Your assignment: Exclude the pictures and reproduce the remaining data exactly as written.

________________________

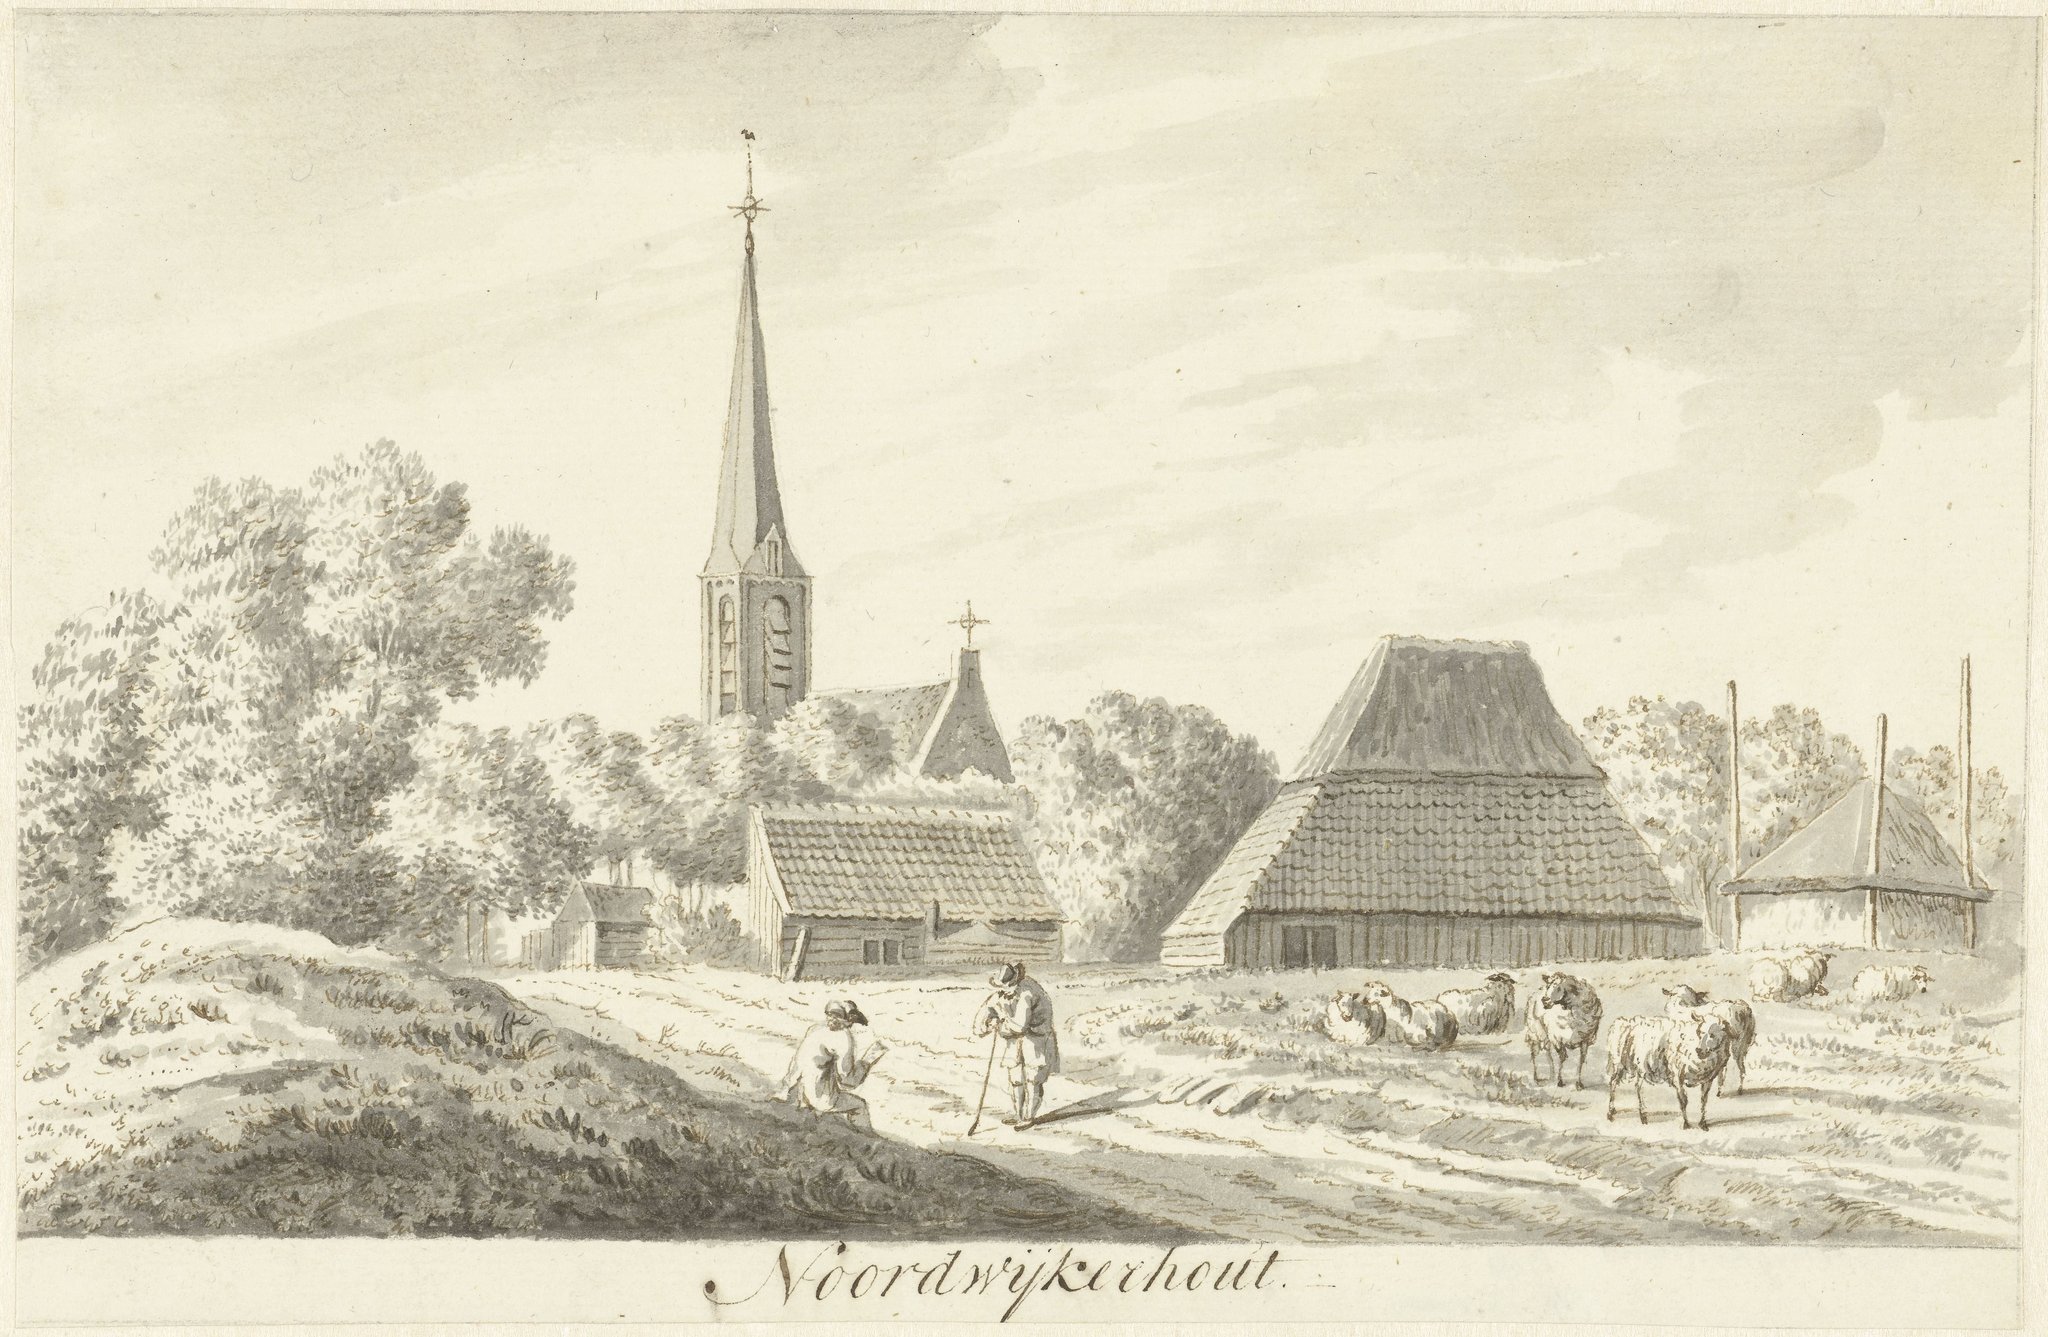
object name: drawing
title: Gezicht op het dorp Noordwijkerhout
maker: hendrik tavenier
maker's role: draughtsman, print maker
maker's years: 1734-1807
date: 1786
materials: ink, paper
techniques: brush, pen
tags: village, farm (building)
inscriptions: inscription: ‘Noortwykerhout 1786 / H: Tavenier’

________________________

Output for this exercise:
object name: drawing
title: Gezicht op het dorp Noordwijkerhout
maker: hendrik tavenier
maker's role: draughtsman, print maker
maker's years: 1734-1807
date: 1786
materials: ink, paper
techniques: brush, pen
tags: village, farm (building)
inscriptions: inscription: ‘Noortwykerhout 1786 / H: Tavenier’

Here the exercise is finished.